Интеллектуалы не в состоянии были понять, что я не снимаю фанатичные фильмы о политике, и никто из них не взял на себя труд разглядеть, о чем же на самом деле это кино. Вместо этого они спроецировали на «Балладу о маленьком солдате» собственные политические представления. В то время ни для кого не было секретом, что США ведет активную борьбу с социалистическими режимами в Центральной Америке, но моя картина ни в коем разе не является обсуждением внешней политики Штатов. Главное в фильме — люди. Работая над «Балладой», я многое понял. Например, когда говорил с девочкой, которая рано утром вышла из деревни с винтовкой и вернулась очень гордая собой, потому что обменяла оружие на курицу. В этой войне под натиском современных орудий убийства погибала традиционная культура. Что проку говорить об этом в политическом или военном контексте? Центральной темой для меня были дети-солдаты, так что я теоретически мог бы снимать и в других странах, в Либерии или в Камбодже. Когда девятилетний мальчик идет воевать, политическое содержание отходит на задний план. Маленькие солдаты — это такая трагедия, что детали роли не играют. По-моему, двадцати процентам солдат мискито не исполнилось и тринадцати, а были и совсем малыши.

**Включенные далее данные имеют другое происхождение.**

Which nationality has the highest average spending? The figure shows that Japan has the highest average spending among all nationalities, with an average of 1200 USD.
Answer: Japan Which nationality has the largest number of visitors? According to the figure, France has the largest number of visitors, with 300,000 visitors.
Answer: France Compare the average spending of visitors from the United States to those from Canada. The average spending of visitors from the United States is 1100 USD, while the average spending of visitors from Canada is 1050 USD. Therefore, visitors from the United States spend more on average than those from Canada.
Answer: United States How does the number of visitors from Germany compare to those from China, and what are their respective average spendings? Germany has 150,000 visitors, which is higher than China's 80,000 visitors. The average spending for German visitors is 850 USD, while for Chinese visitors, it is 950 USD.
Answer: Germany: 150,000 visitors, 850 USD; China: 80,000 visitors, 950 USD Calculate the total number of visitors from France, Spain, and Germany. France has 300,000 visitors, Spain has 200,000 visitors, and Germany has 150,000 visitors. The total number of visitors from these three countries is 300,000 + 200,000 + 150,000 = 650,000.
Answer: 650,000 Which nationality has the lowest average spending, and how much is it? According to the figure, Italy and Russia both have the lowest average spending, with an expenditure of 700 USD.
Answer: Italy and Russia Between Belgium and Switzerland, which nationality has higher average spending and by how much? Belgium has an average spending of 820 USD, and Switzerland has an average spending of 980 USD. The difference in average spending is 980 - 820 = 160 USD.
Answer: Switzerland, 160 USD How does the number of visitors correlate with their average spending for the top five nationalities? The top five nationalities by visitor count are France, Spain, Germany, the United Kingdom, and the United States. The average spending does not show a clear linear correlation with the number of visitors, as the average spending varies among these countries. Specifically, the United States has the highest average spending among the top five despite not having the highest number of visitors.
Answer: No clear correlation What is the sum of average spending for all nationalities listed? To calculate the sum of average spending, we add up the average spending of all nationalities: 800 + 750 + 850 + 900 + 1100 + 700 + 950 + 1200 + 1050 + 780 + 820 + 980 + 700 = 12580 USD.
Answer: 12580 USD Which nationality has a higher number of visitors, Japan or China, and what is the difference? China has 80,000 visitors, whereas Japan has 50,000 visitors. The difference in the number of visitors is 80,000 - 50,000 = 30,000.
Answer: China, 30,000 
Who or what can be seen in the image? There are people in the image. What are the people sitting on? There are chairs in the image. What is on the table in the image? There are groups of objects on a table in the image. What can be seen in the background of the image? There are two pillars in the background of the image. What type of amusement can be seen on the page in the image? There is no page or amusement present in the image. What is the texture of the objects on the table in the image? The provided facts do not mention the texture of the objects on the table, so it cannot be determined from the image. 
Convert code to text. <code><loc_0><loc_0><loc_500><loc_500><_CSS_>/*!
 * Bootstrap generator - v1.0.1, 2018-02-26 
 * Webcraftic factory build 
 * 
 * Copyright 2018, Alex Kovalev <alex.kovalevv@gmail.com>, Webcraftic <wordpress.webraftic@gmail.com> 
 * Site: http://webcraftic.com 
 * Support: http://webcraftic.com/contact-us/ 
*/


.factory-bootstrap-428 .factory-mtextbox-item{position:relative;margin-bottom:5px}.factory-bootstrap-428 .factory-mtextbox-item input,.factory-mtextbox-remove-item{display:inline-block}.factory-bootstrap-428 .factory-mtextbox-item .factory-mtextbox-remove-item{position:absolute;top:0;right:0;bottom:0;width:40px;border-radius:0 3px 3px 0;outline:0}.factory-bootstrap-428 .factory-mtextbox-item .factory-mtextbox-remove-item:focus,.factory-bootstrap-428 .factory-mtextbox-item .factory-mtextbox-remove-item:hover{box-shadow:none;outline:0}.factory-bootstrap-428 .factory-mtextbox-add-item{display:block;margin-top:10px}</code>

Самое интересное, что все дети были добровольцами — каждого взять в руки оружие заставила личная беда. Я подошел к одному мальчику-бойцу: он был в таком шоке, что едва мог говорить. Его братьев, одному было два года, другому шесть, и отца, — всех убили, мать изрубили в куски прямо на его глазах. Он еще не прошел подготовку, но хотел завтра же идти в бой и убивать. К моменту выхода фильма многих из этих детей уже не было в живых.
Месснер говорил, что хотел бы шагать по Гималаям от одной долины к другой, не оглядываясь: «Либо мир, либо моя жизнь когда-нибудь кончатся. Весьма вероятно, будет так, что когда наступит конец мне, придет конец и миру». Я сам всегда об этом думал. Мне нравится такая идея — просто исчезнуть, уйти, свернуть на тропу и шагать, пока она не кончится. Со мной были бы хаски с кожаными переметными сумками, и мы бы просто шли и шли, пока не осталось бы больше дорог.
Месснер[84]
был одним из молодых альпинистов семидесятых, которые предложили новый подход к этому спорту. Он задался целью совершить восхождение на гималайские пики «по-альпийски». И поднялся на все четырнадцать восьмитысячников планеты, обойдясь без масштабных экспедиций и сотен шерпов-носильщиков. Месснер был первым, кто взошел на Гималаи с одним лишь рюкзаком за плечами, не пользуясь оборудованными стоянками, и первым, кто достиг вершины Эвереста без кислородной маски — как он это называл «по-честному», — что у альпинистов считается настоящим подвигом. В пятидесятых и шестидесятых был такой Маэстри, очень известный итальянский альпинист. Он поднимался, подтягиваясь дюйм за дюймом, с помощью молотка, крючьев, дрели. Каждое восхождение занимало много недель и даже месяцев. Я считаю, это просто идиотизм. Я бы взобрался на Всемирный торговый центр, дай мне столько инструментов и три месяца времени. Маэстри — один из примеров извращения авантюрного духа альпинизма. Он оскорбил и опозорил каждую гору, на которую вполз подобным способом. А Месснер, использовавший минимум снаряжения, поистине является отцом современного альпинизма. Поразительное уважение к своему делу у этого человека, и фантастические навыки выживания, просто невероятные. Не только технические навыки, но и умение чувствовать ситуацию, мгновенно реагировать, если что-то идет не так. Благодаря ему я многое узнал о том, как оценивать риск.Я снял «Гашербрум», потому что хотел найти ответы на вопросы. Зачем Месснер, потеряв в экспедиции брата, решил во второй раз взойти на Нанга-Парбат? Что движет таким человеком? Как-то я спросил его: «Вы поднимаетесь в горы снова и снова, вы не думаете, что вы немного чокнутый?» А он ответил: «Все творческие люди сумасшедшие». У него была мудрость змеи, что лежит себе тихо, свернувшись кольцами, и выжидает подходящего момента, чтобы нанести удар. Один раз он сказал, что не может описать чувство, которое заставляет его взбираться на вершины, потому что невозможно выразить, что заставляет тебя жить.